Israel considers the Iran-backed Lebanese Shia militant group its most serious immediate threat, estimating that Hezbollah has about 150,000 rockets and missiles aimed at Israel, as well as drones and surface-to-air and surface-to-sea missiles.

A full-on conflict would be costly for Hezbollah, which fought a 34-day war with Israel in 2006 that ended in a draw – but not before Israeli bombing reduced swaths of southern Lebanon, the eastern Bekaa Valley and Beirut’s southern suburbs to rubble.

A new all-out war would displace hundreds of thousands of Hezbollah’s supporters and cause wide damage at a time when Lebanon is in the throes of a historic four-year economic meltdown.

In the hours leading up to Nasrallah’s speech there was increasing tension in northern Israel’s border communities, which have already seen widespread evacuation in recent weeks.

In Kfar Giladi, a kibbutz located 2km from the Lebanese border, a sign on the entrance to the bomb shelter said “No entry to Radwan”, referring to Hezbollah’s special commando force.
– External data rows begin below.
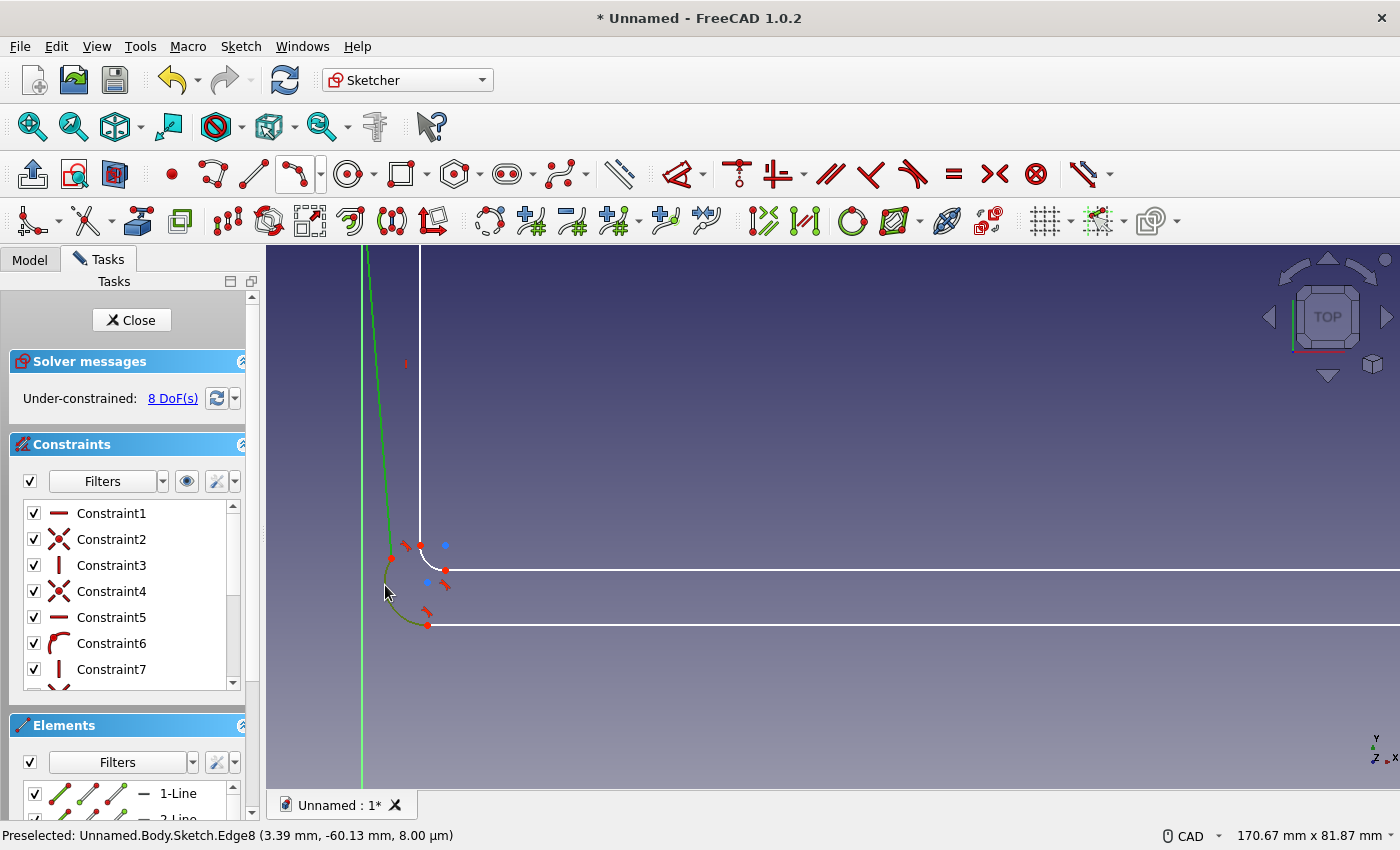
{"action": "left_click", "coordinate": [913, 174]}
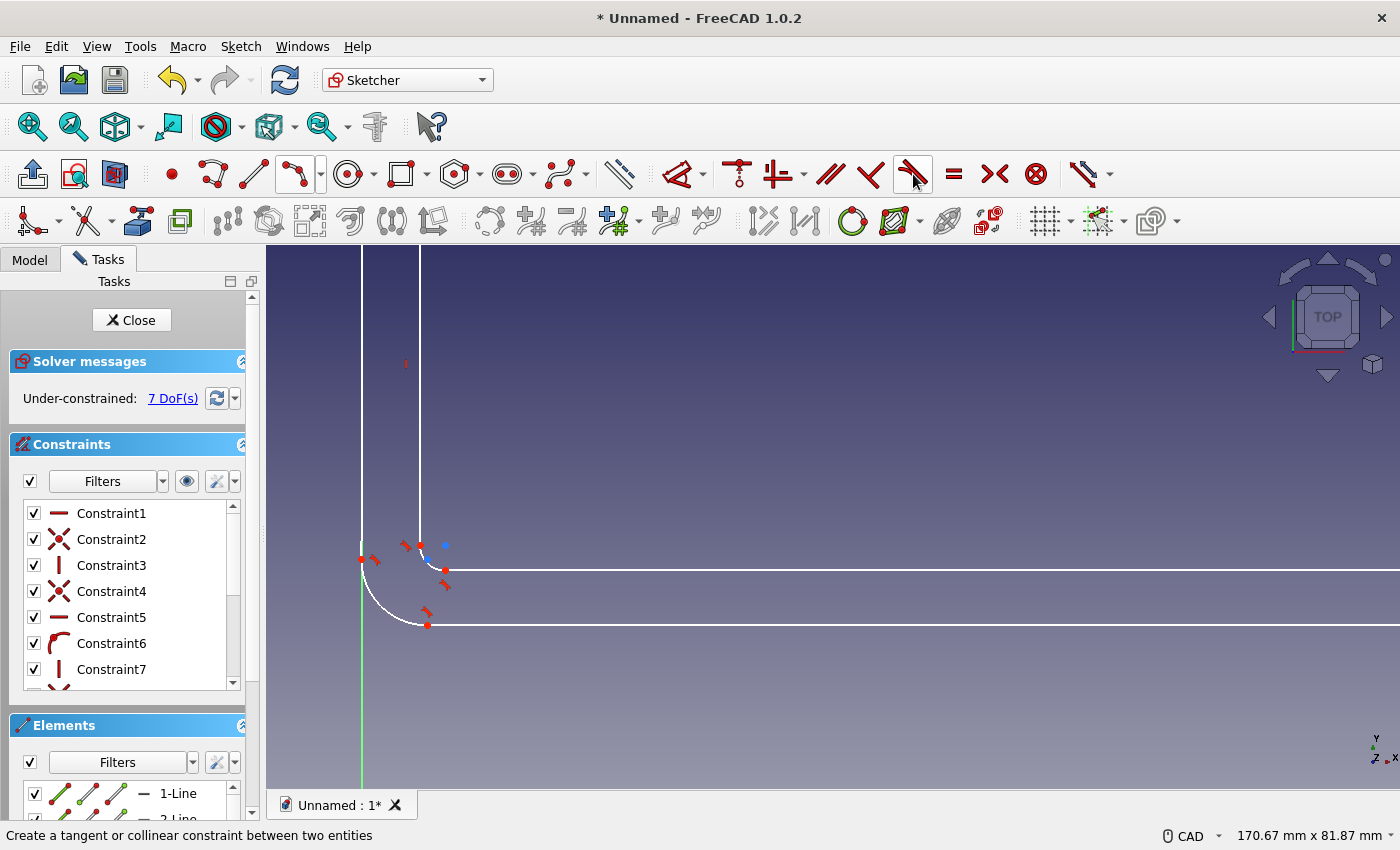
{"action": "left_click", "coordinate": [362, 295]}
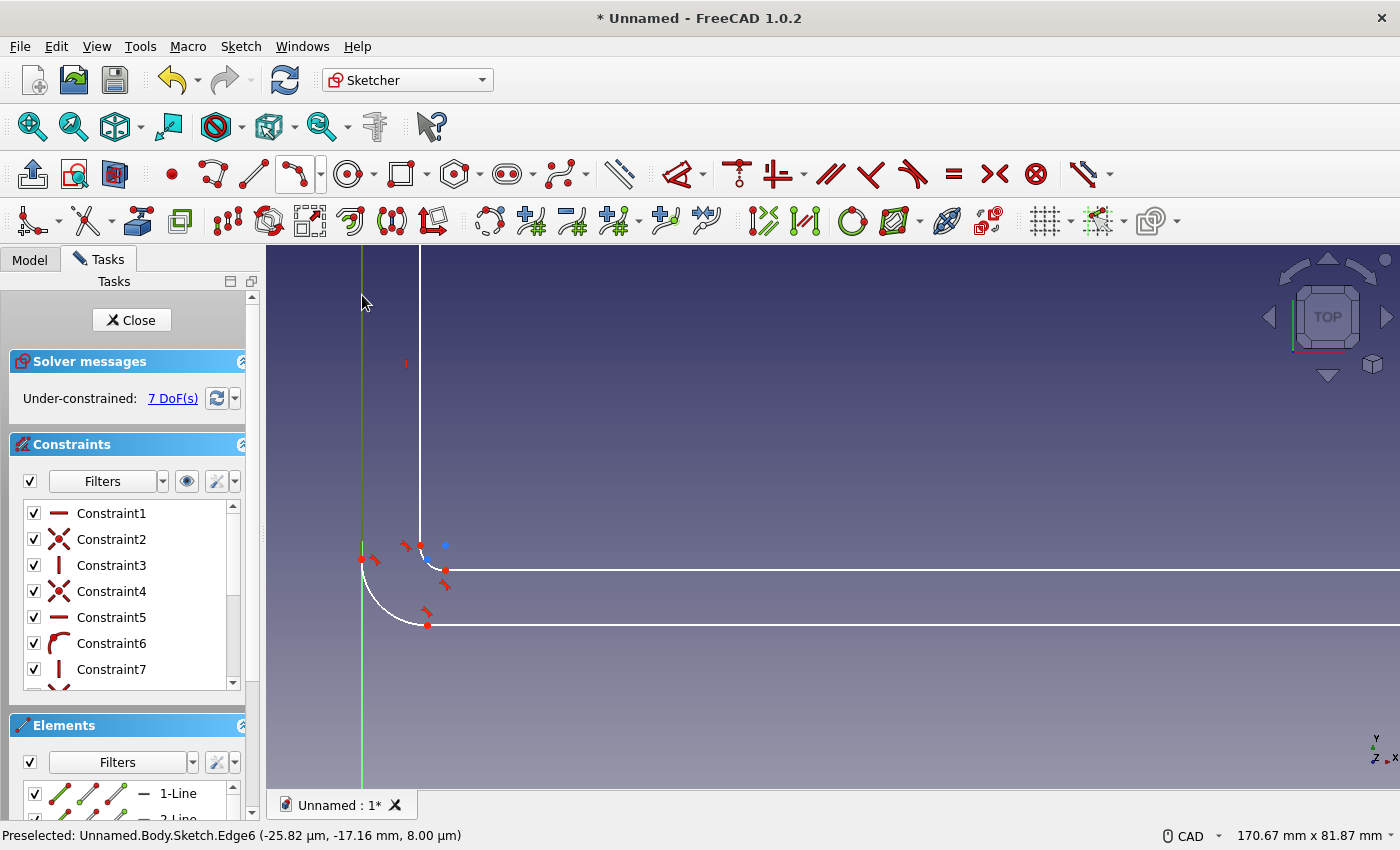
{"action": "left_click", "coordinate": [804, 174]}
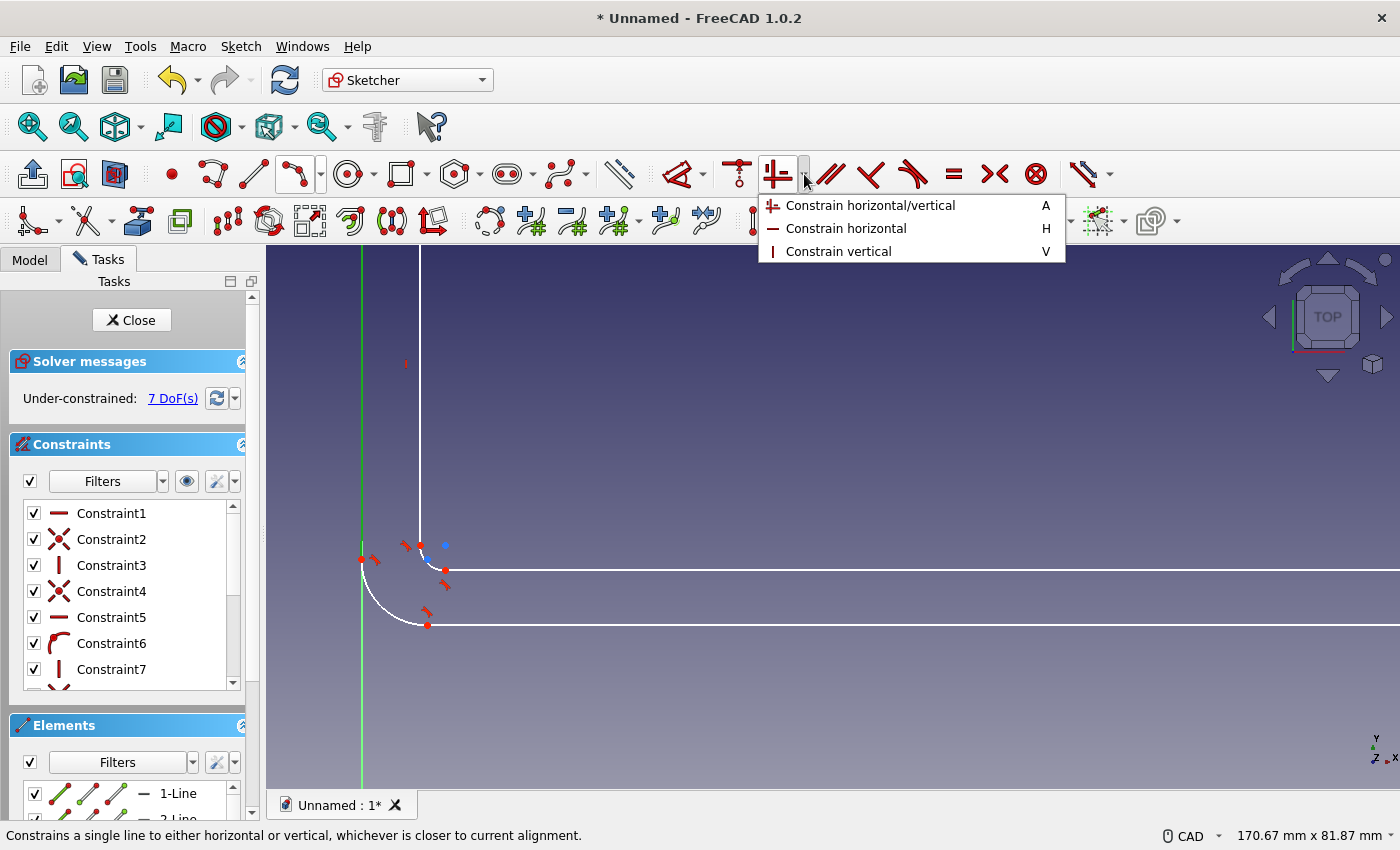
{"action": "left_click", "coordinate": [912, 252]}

The men standing sentry at the gate in military fatigues were the kibbutz’s home guard.

Tom Cohen in front of a gate at the Kfar Giladi kibbutz
Tom Cohen, a member of the first responders team at the Kfar Giladi kibbutz. Photograph: Quique Kierszenbaum/The Guardian

“I don’t care what he has to say. He’s a terrorist. What he won’t say is ‘peace on earth’,” said Nimrod Sharabi, a mechanical engineer who was born on the kibbutz, before Nasrallah’s speech.

Sharabi’s wife and family had gone to the Netherlands, uncertain when the border would be quiet enough again for people to return. “The fighting could go on for months. I don’t know. But we don’t have a good government. It’s very weak,” he said.

Tom Cohen, 28, had flown back from Australia, where he lives, to defend the kibbutz where he grew up. “We saw the missile that hit Kiryat Shmona on Thursday evening fly over. We could see the flames from the engine. What’s strange is seeing the whole kibbutz evacuated. Even in the 2006 war, people stayed. But now, after what happened in the south [on 7 October], everyone feels that they are a target.”

His family had evacuated to Tiberias. “The things that happened in the south caused a lot of fear,” he said. Half of the kibbutz was out of bounds, most exposed to fire from Lebanon. “Everyone has been waiting for the speech, but it’s a joke. We know what he [Nasrallah] stands for. Hezbollah is a terrorist organisation. The mistake that we made was to allow Hezbollah a window to build up it strength.”

Kiryat Shmona, a city that was almost deserted earlier this week, had now emptied even further after the second direct rocket strike on a building in a week. An armoured personnel carrier and Humvees patrolled, while in the woods soldiers moved among the trees.